[Dataset entries]
+ + + +
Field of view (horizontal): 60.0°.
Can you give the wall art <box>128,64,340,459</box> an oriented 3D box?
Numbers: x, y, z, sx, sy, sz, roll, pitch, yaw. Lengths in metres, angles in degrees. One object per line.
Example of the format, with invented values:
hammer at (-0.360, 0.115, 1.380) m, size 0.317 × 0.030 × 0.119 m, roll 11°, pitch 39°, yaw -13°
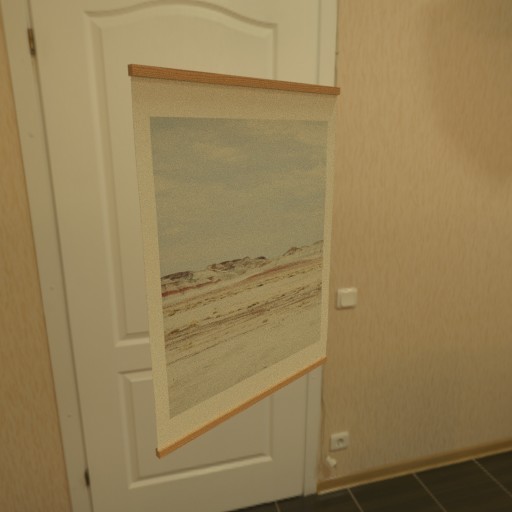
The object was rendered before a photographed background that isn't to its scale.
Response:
wall art at (0.000, 0.000, 0.810) m, size 0.458 × 0.605 × 0.011 m, roll -15°, pitch 22°, yaw -43°
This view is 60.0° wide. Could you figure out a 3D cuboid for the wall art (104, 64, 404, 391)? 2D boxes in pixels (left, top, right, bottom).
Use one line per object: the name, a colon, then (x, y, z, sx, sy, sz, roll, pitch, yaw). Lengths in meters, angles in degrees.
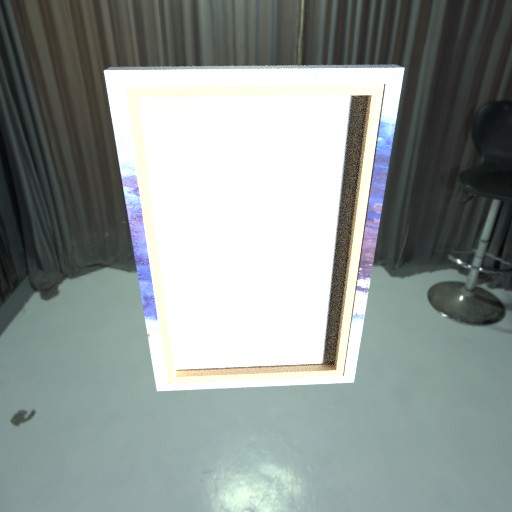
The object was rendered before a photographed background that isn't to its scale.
wall art: (0.000, 0.000, 1.105, 0.583, 0.874, 0.048, -2, 31, -3)
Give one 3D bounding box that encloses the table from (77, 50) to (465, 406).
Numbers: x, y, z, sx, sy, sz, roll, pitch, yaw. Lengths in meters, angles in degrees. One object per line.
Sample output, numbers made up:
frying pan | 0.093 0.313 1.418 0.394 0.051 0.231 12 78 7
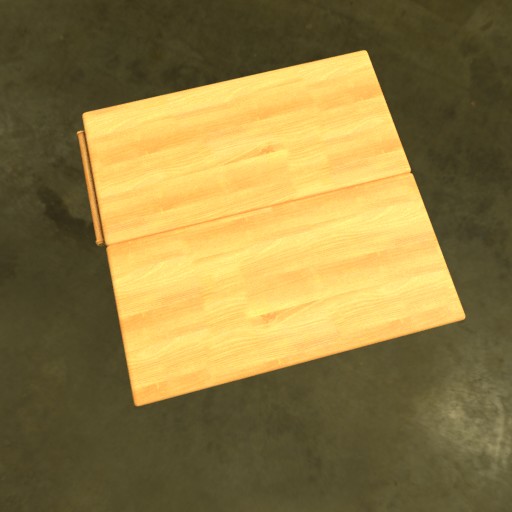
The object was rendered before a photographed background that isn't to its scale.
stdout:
table | 0.000 0.000 1.404 0.752 0.832 0.693 -14 76 -3
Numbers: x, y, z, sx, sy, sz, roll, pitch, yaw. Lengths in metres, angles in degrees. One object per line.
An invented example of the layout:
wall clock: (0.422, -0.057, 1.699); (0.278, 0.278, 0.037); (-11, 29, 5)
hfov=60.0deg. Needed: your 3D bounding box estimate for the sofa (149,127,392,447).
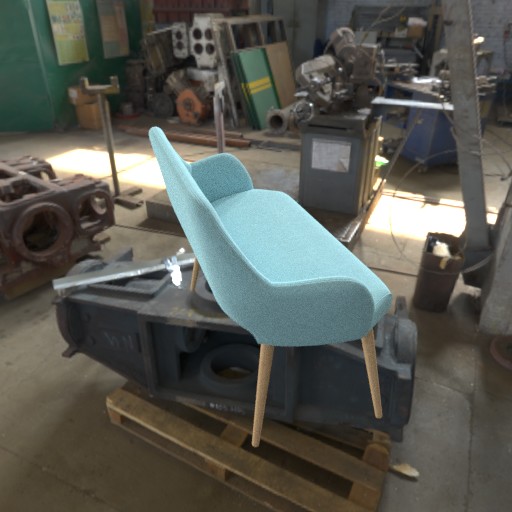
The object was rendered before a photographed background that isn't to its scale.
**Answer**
sofa: (0.000, 0.000, 1.665); (0.610, 0.840, 1.150); (-10, 32, -17)
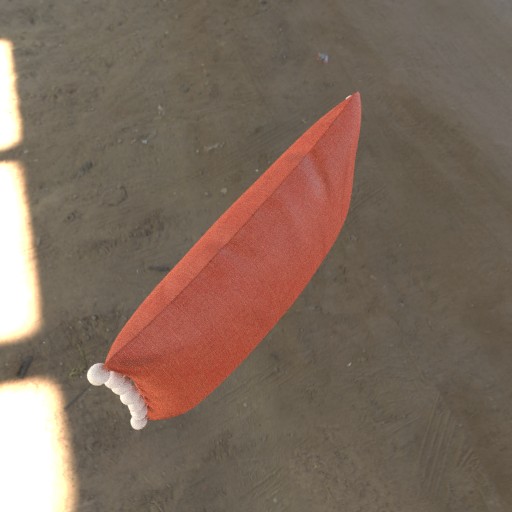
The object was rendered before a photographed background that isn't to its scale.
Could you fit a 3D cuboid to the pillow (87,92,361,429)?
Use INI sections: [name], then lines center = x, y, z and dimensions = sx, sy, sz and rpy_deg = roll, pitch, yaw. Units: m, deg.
[pillow]
center = 0.000, 0.000, 0.828
dimensions = 0.201, 0.322, 0.709
rpy_deg = 32, 63, 18
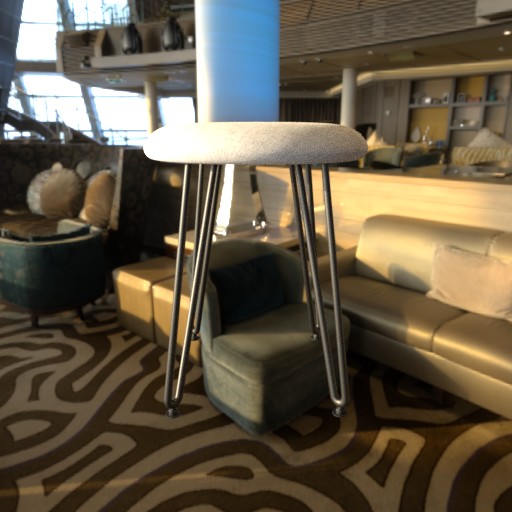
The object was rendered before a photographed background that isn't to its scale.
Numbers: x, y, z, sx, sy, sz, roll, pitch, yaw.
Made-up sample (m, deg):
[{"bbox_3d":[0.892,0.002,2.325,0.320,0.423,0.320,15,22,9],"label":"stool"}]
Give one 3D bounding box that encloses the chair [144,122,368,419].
[{"bbox_3d":[0.000,0.000,0.670,0.350,0.386,0.350,15,22,42],"label":"chair"}]
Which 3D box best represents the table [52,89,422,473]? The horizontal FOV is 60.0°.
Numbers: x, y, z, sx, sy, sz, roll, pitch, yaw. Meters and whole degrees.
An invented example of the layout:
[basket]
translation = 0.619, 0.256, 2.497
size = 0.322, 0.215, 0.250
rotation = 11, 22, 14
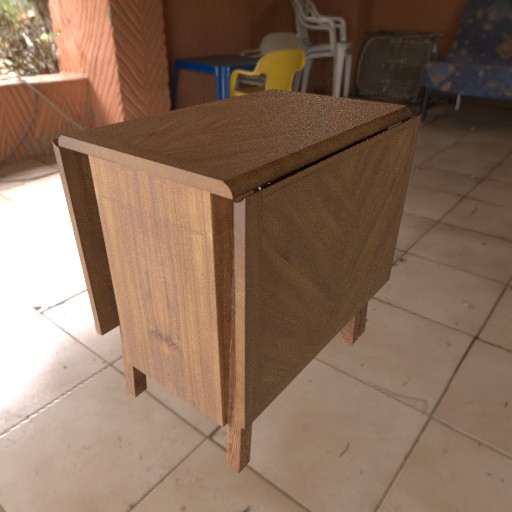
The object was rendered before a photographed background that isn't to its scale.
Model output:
[table]
translation = 0.000, 0.000, 1.619
size = 0.701, 0.981, 0.967
rotation = 21, 36, 32
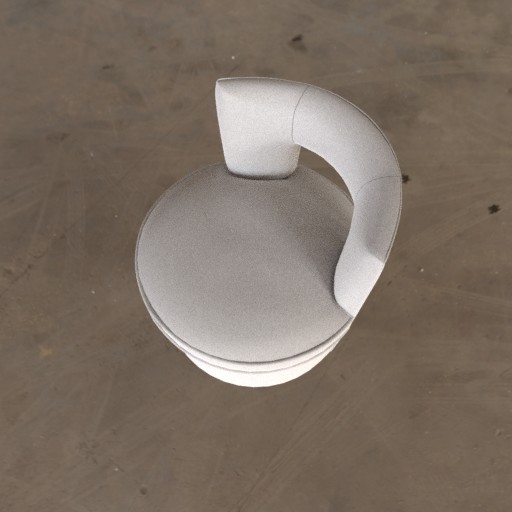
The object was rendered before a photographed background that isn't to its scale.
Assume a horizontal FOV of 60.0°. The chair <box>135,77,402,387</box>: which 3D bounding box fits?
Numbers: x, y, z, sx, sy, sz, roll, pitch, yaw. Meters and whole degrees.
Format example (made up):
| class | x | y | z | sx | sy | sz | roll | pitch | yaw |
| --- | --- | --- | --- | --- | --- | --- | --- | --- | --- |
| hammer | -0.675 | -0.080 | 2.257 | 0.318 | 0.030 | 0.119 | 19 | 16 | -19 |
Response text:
| class | x | y | z | sx | sy | sz | roll | pitch | yaw |
| --- | --- | --- | --- | --- | --- | --- | --- | --- | --- |
| chair | 0.000 | 0.000 | 1.259 | 0.665 | 0.723 | 0.650 | -31 | 67 | -15 |
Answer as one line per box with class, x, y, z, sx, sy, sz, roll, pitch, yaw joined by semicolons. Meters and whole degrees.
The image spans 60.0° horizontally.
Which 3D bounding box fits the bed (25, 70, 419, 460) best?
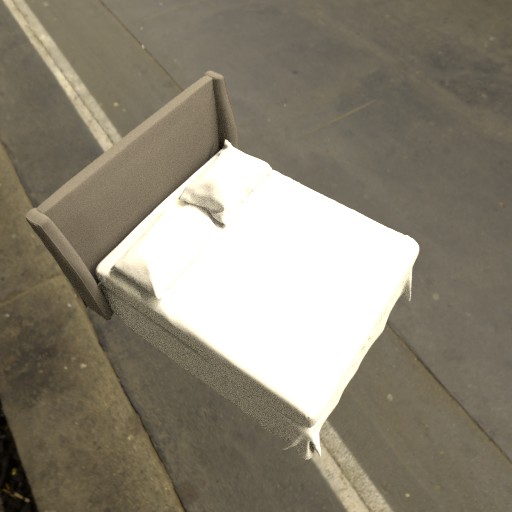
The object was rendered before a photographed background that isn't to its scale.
bed;0.000;0.000;3.401;2.276;1.332;1.925;30;61;19
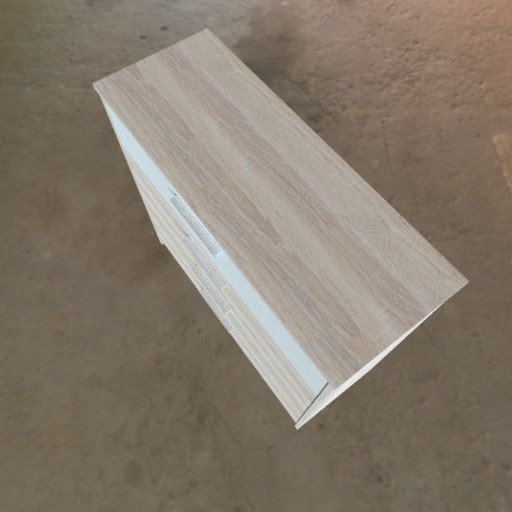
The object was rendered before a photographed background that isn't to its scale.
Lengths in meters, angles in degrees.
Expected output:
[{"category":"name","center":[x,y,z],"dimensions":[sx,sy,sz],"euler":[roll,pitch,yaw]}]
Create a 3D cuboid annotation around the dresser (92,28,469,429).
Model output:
[{"category":"dresser","center":[0.000,0.000,1.451],"dimensions":[0.380,0.900,0.980],"euler":[-34,68,-15]}]
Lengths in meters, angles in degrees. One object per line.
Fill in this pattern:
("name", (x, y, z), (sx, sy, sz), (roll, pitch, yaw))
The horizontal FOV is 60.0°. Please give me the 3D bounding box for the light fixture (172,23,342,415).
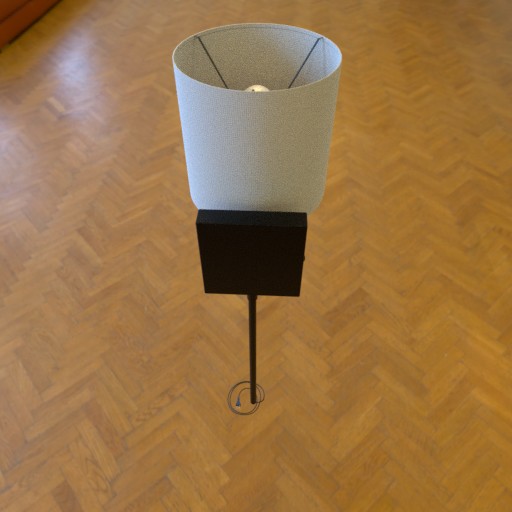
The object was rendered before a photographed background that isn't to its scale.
+ + + +
== WHAT YOU ARE ASKED TO DO ==
Set down all the entries above verbatim, and include none of the pictures.

== RESPONSE AREA ==
Field of view (horizontal): 60.0°.
Can you give the wall art <box>128,64,340,459</box> an oriented 3D box?
Numbers: x, y, z, sx, sy, sz, roll, pitch, yaw. Lengths in metres, angles in degrees. One object per line.
Example of the format, with invented values:
hammer at (-0.360, 0.115, 1.380) m, size 0.317 × 0.030 × 0.119 m, roll 11°, pitch 39°, yaw -13°
The object was rendered before a photographed background that isn't to its scale.
Response:
wall art at (0.000, 0.000, 0.810) m, size 0.458 × 0.605 × 0.011 m, roll -15°, pitch 22°, yaw -43°
This view is 60.0° wide. Could you figure out a 3D cuboid for the wall art (104, 64, 404, 391)? 2D boxes in pixels (left, top, right, bottom).
Use one line per object: the name, a colon, then (x, y, z, sx, sy, sz, roll, pitch, yaw). Lengths in meters, angles in degrees.
The object was rendered before a photographed background that isn't to its scale.
wall art: (0.000, 0.000, 1.105, 0.583, 0.874, 0.048, -2, 31, -3)
Give one 3D bounding box that encloses the table from (77, 50) to (465, 406).
Numbers: x, y, z, sx, sy, sz, roll, pitch, yaw. Lengths in meters, angles in degrees. One object per line.
Sample output, numbers made up:
frying pan | 0.093 0.313 1.418 0.394 0.051 0.231 12 78 7
The object was rendered before a photographed background that isn't to its scale.
stdout:
table | 0.000 0.000 1.404 0.752 0.832 0.693 -14 76 -3
Numbers: x, y, z, sx, sy, sz, roll, pitch, yaw. Lengths in metres, angles in degrees. One object per line.
An invented example of the layout:
wall clock: (0.422, -0.057, 1.699); (0.278, 0.278, 0.037); (-11, 29, 5)
hfov=60.0deg. Needed: your 3D bounding box estimate for the sofa (149,127,392,447).
The object was rendered before a photographed background that isn't to its scale.
**Answer**
sofa: (0.000, 0.000, 1.665); (0.610, 0.840, 1.150); (-10, 32, -17)
The object was rendered before a photographed background that isn't to its scale.
Could you fit a 3D cuboid to the pillow (87,92,361,429)?
Use INI sections: [name], then lines center = x, y, z and dimensions = sx, sy, sz and rpy_deg = roll, pitch, yaw. Units: m, deg.
[pillow]
center = 0.000, 0.000, 0.828
dimensions = 0.201, 0.322, 0.709
rpy_deg = 32, 63, 18
The object was rendered before a photographed background that isn't to its scale.
Numbers: x, y, z, sx, sy, sz, roll, pitch, yaw.
Made-up sample (m, deg):
[{"bbox_3d":[0.892,0.002,2.325,0.320,0.423,0.320,15,22,9],"label":"stool"}]
Give one 3D bounding box that encloses the chair [144,122,368,419].
[{"bbox_3d":[0.000,0.000,0.670,0.350,0.386,0.350,15,22,42],"label":"chair"}]
Which 3D box best represents the table [52,89,422,473]? The horizontal FOV is 60.0°.
Numbers: x, y, z, sx, sy, sz, roll, pitch, yaw. Meters and whole degrees.
An invented example of the layout:
[basket]
translation = 0.619, 0.256, 2.497
size = 0.322, 0.215, 0.250
rotation = 11, 22, 14
The object was rendered before a photographed background that isn't to its scale.
Model output:
[table]
translation = 0.000, 0.000, 1.619
size = 0.701, 0.981, 0.967
rotation = 21, 36, 32
The object was rendered before a photographed background that isn't to its scale.
Assume a horizontal FOV of 60.0°. The chair <box>135,77,402,387</box>: which 3D bounding box fits?
Numbers: x, y, z, sx, sy, sz, roll, pitch, yaw. Meters and whole degrees.
Format example (made up):
| class | x | y | z | sx | sy | sz | roll | pitch | yaw |
| --- | --- | --- | --- | --- | --- | --- | --- | --- | --- |
| hammer | -0.675 | -0.080 | 2.257 | 0.318 | 0.030 | 0.119 | 19 | 16 | -19 |
Response text:
| class | x | y | z | sx | sy | sz | roll | pitch | yaw |
| --- | --- | --- | --- | --- | --- | --- | --- | --- | --- |
| chair | 0.000 | 0.000 | 1.259 | 0.665 | 0.723 | 0.650 | -31 | 67 | -15 |
Answer as one line per box with class, x, y, z, sx, sy, sz, roll, pitch, yaw joined by semicolons. Meters and whole degrees.
The image spans 60.0° horizontally.
Which 3D bounding box fits the bed (25, 70, 419, 460) best?
The object was rendered before a photographed background that isn't to its scale.
bed;0.000;0.000;3.401;2.276;1.332;1.925;30;61;19
The object was rendered before a photographed background that isn't to its scale.
Lengths in meters, angles in degrees.
Expected output:
[{"category":"name","center":[x,y,z],"dimensions":[sx,sy,sz],"euler":[roll,pitch,yaw]}]
Create a 3D cuboid annotation around the dresser (92,28,469,429).
Model output:
[{"category":"dresser","center":[0.000,0.000,1.451],"dimensions":[0.380,0.900,0.980],"euler":[-34,68,-15]}]
Lengths in meters, angles in degrees. One object per line.
Fill in this pattern:
("name", (x, y, z), (sx, sy, sz), (roll, pitch, yaw))
The horizontal FOV is 60.0°. Please give me the 3D bounding box for the light fixture (172,23,342,415).
The object was rendered before a photographed background that isn't to its scale.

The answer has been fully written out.